■ **SUPPLIED RECORDS**
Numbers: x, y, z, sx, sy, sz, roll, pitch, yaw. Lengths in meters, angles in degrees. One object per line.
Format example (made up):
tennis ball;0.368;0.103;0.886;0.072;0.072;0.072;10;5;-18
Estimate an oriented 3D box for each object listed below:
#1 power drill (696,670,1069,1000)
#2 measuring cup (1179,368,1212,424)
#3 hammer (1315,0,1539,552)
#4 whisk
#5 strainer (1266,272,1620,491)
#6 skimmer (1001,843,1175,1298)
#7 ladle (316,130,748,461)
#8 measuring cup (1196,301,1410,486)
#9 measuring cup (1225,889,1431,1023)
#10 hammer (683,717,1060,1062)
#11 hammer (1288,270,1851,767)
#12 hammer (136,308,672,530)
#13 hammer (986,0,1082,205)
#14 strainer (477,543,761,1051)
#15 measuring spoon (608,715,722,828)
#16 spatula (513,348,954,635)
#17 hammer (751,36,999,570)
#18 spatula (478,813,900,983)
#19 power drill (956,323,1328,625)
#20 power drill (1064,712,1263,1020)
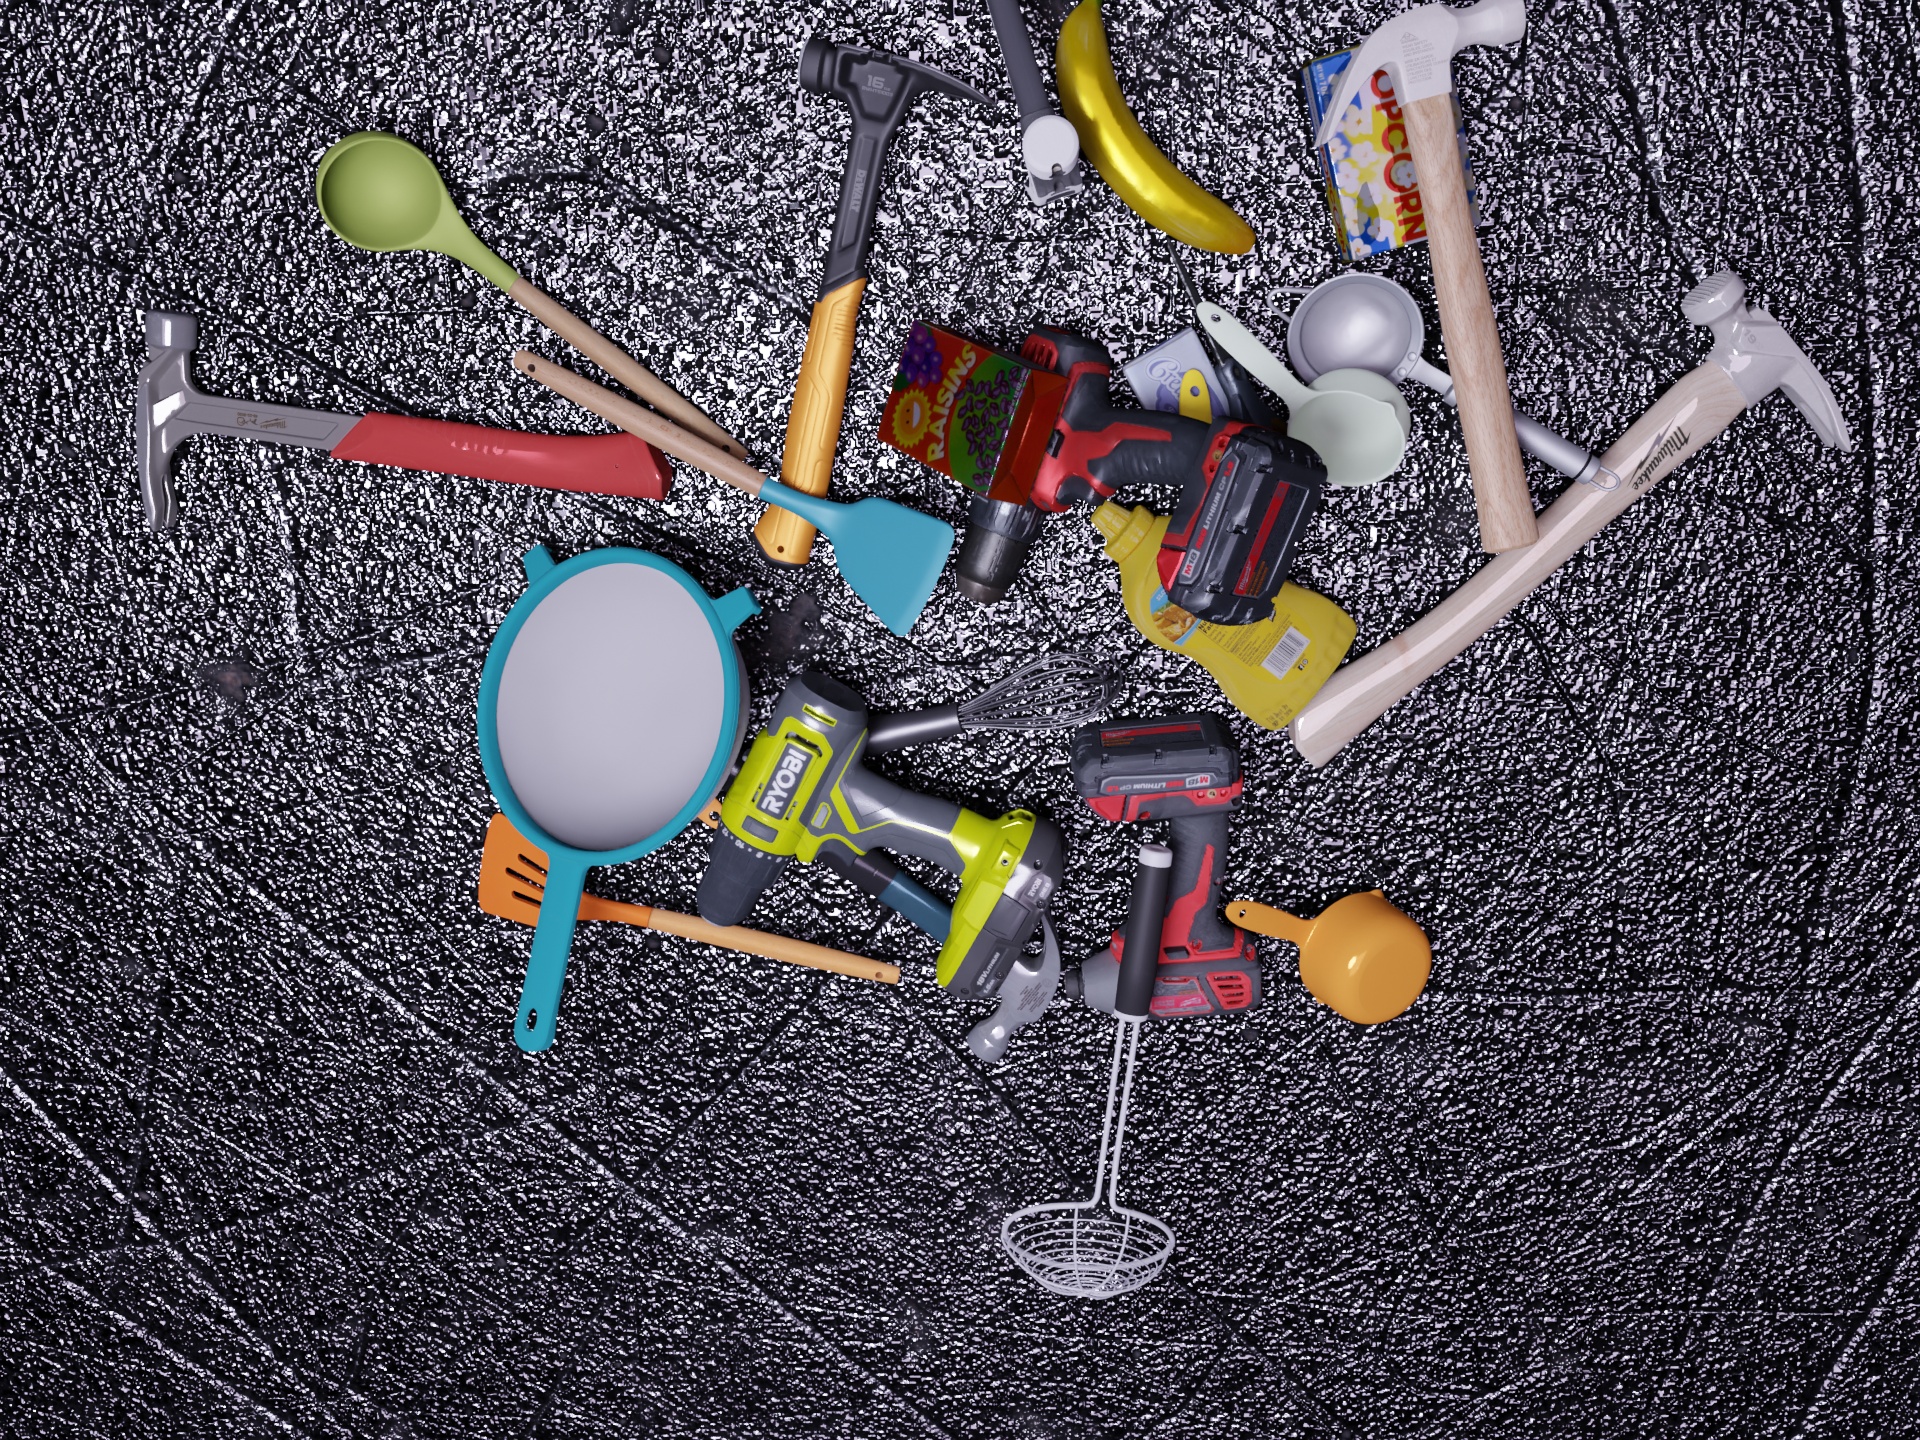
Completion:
power drill;-0.059;0.097;1.100;0.228;0.080;0.190;28;106;-3
measuring cup;0.161;-0.152;1.032;0.062;0.029;0.156;-6;93;-11
hammer;0.307;-0.266;0.981;0.130;0.031;0.331;-14;101;3
whisk;-0.002;-0.005;1.120;0.239;0.055;0.055;-12;106;10
strainer;0.314;-0.217;1.031;0.258;0.050;0.086;31;129;1
skimmer;0.110;0.256;1.141;0.127;0.090;0.363;7;102;-1
ladle;-0.275;-0.267;1.045;0.320;0.062;0.078;37;112;-11
measuring cup;0.220;-0.221;1.025;0.167;0.038;0.083;39;142;-11
measuring cup;0.261;0.161;1.118;0.173;0.052;0.095;20;100;-33
hammer;-0.065;0.112;1.161;0.331;0.033;0.128;37;105;-9
hammer;0.396;-0.106;1.080;0.410;0.038;0.146;-43;102;13
hammer;-0.378;-0.180;1.083;0.359;0.037;0.149;8;107;0
hammer;0.012;-0.474;0.953;0.035;0.146;0.335;-17;94;6
strainer;-0.233;0.056;1.085;0.211;0.095;0.340;13;91;26
measuring spoon;-0.211;0.041;1.156;0.021;0.011;0.117;-43;101;13
spatula;-0.154;-0.165;1.043;0.317;0.044;0.082;27;111;0
hammer;-0.075;-0.259;1.045;0.127;0.034;0.336;17;108;8
spatula;-0.201;0.146;1.167;0.322;0.041;0.081;14;107;0
power drill;0.097;-0.133;1.009;0.227;0.080;0.188;32;108;36
power drill;0.138;0.113;1.135;0.143;0.079;0.219;-5;109;4

■ **PROBLEM STATEMENT**
Within the material above, extract exactly the lines that start at the line containing "#6 skimmer (1001,843,1175,1298)" and stop after the line containing "#13 hammer (986,0,1082,205)", and only those.

■ **RESULT BELOW**
#6 skimmer (1001,843,1175,1298)
#7 ladle (316,130,748,461)
#8 measuring cup (1196,301,1410,486)
#9 measuring cup (1225,889,1431,1023)
#10 hammer (683,717,1060,1062)
#11 hammer (1288,270,1851,767)
#12 hammer (136,308,672,530)
#13 hammer (986,0,1082,205)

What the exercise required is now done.